Everyone I know wants to have his “dream home.” The first problem with obtaining a dream home is that most
people have never even sat down to think about what it would look like.

Many years ago, when my wife, Barbara, and I were going through financial difficulties, we began putting
together a composite of our dream home. We subscribed to magazines full of beautiful pictures and
descriptions of lovely homes for sale. We cut out pictures and descriptions that were consistent with what we
were looking for. We discussed our dream home at great length. We went to open houses in the best
neighborhoods in the city. We looked at beautiful, expensive homes and at the details and furnishings in them.

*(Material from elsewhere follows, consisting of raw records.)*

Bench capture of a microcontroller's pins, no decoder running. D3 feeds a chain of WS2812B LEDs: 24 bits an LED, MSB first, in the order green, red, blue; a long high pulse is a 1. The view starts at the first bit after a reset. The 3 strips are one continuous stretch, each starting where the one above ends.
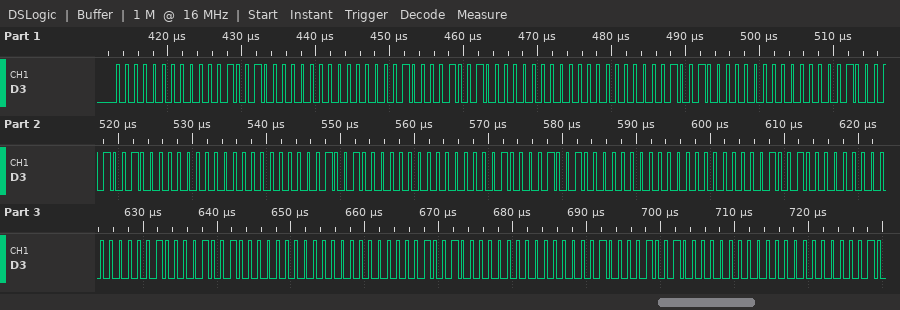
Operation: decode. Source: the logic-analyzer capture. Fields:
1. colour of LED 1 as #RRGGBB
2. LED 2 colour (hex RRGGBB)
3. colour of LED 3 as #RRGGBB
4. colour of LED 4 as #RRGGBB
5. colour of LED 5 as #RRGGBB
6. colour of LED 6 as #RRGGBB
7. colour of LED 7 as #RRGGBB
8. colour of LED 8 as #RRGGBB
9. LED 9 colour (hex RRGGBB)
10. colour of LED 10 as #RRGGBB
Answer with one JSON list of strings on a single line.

We read Architectural Digest and House Beautiful. We eventually came up with a mutually agreed on composite
of what our dream home would look like. Within a year after beginning this exercise, we moved from a rented
home to a beautiful home that we had purchased. It wasn’t quite what we had in mind, but we both recognized
at the time that it was merely a stepping-stone to what we really wanted. A year later, after looking at 150
houses in different cities, we walked into a home that was for sale, took one look around and, without speaking,
both knew that we had found it. This was the home that we had been looking for. It cost twice as much as we
ever had imagined paying for a house, and it required a good deal of renovation to make it conform to the
mental pictures we had developed. Nonetheless, we bought it, renovated it, repainted it, furnished it and
landscaped the grounds exactly as we had imagined. And it all began to come together after we had carefully
crafted a clear mental picture of what it would look like when it was done.

Many, many books and articles have been written on the process of visualization. I’ve personally studied the
subject for many years. Because the ability to visualize is a natural attribute, it is something that you can learn
to do extremely well with practice. If you do it properly, and consistently, visualization can help you to move
ahead further and faster than perhaps any other process you could engage in.